Ce stress social inhérent aux phases de transition s’accroit avec les mutations des modèles de consommation où émergent de nouveaux besoins dont la satisfaction a tendance à être plus onéreuse sans commune avec le niveau des revenus disponibles. C’est le cas, à titre d’exemple, des besoins dans les domaines de la communication, des transports, de l’enseignement et des loisirs qui font l’objet d’une forte demande de la part, en particulier, des jeunes et que les revenus disponibles ne permettent pas de satisfaire dans le contexte d’une économie qui ne crée pas suffisamment de valeur ajoutée et où les fruits de celle qui est créée sont inégalement répartis.

 

Aussi, faudrait-il consolider la baisse de la pauvreté par la baisse des inégalités et la cohésion sociale par la réduction des facteurs du stress social dont nous nous attelons au HCP à élaborer quelques indicateurs pour éclairer la décision politique et qui seraient, en quelque sorte, le pendant des indicateurs de bien-être que nous avions déjà mesurés et publiés.

 

Au sujet de l’enjeu national de la compétitivité de notre économie

 

J’ai suffisamment dénoncé la faiblesse de compétitivité du tissu productif national pour relever ici son rôle dans le déficit structurel de la balance commerciale des biens et services, c’est-à-dire le déficit des ressources de notre pays. Ce déficit est à l’origine de l’accentuation devenue structurelle, depuis 2010, du besoin de financement de l’économie nationale. C’est l’un des points stratégiques où se joue le pari de la durabilité de la croissance, de la préservation du libre arbitre de notre souveraineté sur la scène internationale et de la pérennité d’une sécurisation globale de l’intégrité et de l’unité de notre pays.

 

 

 

 

 

 

 

Ces enjeux sont d’autant plus vitaux que le paysage international déroule une autre séquence moins réjouissante, celle de la montée inédite des périls sur l’intégrité territoriale et politique des pays du Moyen-Orient, sous le poids d’une exacerbation des conflits doctrinaux et ethniques et une dangereuse implication de multiples puissances militaires, régionales et internationales, dans une promiscuité explosive.
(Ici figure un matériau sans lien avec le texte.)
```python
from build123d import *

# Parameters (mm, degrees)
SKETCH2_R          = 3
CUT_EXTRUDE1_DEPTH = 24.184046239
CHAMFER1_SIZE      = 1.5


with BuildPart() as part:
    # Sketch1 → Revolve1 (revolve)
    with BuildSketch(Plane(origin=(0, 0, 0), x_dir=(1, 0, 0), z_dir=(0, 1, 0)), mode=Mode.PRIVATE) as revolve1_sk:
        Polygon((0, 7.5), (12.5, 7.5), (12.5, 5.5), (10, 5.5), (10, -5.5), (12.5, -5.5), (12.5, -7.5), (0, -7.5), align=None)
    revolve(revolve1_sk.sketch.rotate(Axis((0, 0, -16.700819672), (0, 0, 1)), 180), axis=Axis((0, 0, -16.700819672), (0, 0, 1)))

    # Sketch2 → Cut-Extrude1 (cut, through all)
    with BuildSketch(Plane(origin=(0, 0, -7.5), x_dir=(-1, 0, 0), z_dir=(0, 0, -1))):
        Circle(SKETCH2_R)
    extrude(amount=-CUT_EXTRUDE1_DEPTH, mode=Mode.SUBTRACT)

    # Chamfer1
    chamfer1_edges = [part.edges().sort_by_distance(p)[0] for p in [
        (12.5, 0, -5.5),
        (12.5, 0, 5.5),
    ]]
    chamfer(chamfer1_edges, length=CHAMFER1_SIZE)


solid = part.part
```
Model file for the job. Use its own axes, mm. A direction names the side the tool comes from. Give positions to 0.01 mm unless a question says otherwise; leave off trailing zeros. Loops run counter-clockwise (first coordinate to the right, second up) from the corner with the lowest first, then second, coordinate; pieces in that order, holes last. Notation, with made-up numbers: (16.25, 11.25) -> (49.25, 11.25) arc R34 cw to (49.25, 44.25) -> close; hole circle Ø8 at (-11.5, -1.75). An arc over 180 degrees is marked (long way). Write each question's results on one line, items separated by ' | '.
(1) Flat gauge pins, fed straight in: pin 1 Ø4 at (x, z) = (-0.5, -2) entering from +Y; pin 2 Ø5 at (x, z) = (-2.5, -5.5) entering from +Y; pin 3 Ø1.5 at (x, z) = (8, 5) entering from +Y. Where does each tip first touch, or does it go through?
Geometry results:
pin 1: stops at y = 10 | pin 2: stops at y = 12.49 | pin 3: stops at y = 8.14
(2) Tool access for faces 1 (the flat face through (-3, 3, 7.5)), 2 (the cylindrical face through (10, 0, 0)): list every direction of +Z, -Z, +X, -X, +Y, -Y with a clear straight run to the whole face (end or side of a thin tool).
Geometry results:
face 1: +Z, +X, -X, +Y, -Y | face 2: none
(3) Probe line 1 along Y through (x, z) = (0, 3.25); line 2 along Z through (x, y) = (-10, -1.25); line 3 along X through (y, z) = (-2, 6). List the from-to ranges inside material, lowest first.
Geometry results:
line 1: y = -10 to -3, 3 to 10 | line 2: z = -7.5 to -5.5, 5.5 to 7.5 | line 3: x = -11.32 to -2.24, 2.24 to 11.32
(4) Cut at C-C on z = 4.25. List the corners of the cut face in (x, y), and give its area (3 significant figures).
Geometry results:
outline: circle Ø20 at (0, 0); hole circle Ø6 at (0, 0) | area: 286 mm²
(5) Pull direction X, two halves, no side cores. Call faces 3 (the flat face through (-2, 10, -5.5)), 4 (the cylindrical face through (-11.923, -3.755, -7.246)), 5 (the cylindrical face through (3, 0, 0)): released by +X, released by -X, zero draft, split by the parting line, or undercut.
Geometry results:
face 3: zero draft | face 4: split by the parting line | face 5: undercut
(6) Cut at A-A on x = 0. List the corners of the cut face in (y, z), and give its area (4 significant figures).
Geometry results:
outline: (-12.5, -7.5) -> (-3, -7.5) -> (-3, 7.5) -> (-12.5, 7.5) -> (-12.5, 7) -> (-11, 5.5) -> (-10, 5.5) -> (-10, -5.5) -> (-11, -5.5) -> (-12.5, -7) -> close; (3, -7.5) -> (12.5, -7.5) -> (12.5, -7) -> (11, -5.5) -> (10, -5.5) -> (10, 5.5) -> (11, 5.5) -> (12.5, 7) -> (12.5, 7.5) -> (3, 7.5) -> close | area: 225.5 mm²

Cette situation devrait interpeler notre vigilance, d’autant plus que le reflux des positions des mouvements terroristes dans cette région pourrait s’accompagner de leur consolidation dans notre environnement régional.

 

Aussi, toutes les composantes de notre société et, en particulier, toutes ses forces vives économiques, sociales et politiques doivent-elles adhérer à toutes les implications des réformes de structure nécessaires pour éliminer toutes les menaces latentes, aussi bien dans notre tissu économique que dans nos finances publiques, dans le système de valorisation de nos ressources humaines que dans notre mode de gouvernance nationale et régionale, afin d’assurer à notre économie les conditions favorables d’un minimum d’endogénéisation de son financement et à notre pays les chances de continuer à valoriser les atouts que lui procurent son cadre constitutionnel, son poids historique et son dynamisme géostratégique.  C’est à l’aune de ces réformes que seront évalués – et que, nous-mêmes, devrions évaluer – la solidité des fondamentaux macro-économiques, la stabilité financière et les performances de nos politiques publiques. Leur succès serait d’autant plus effectif que leur agencement temporel serait pertinent et que leur appropriation collective serait assurée, dans le cadre d’une démarche stratégique qui en éclairerait les raisons et les finalités.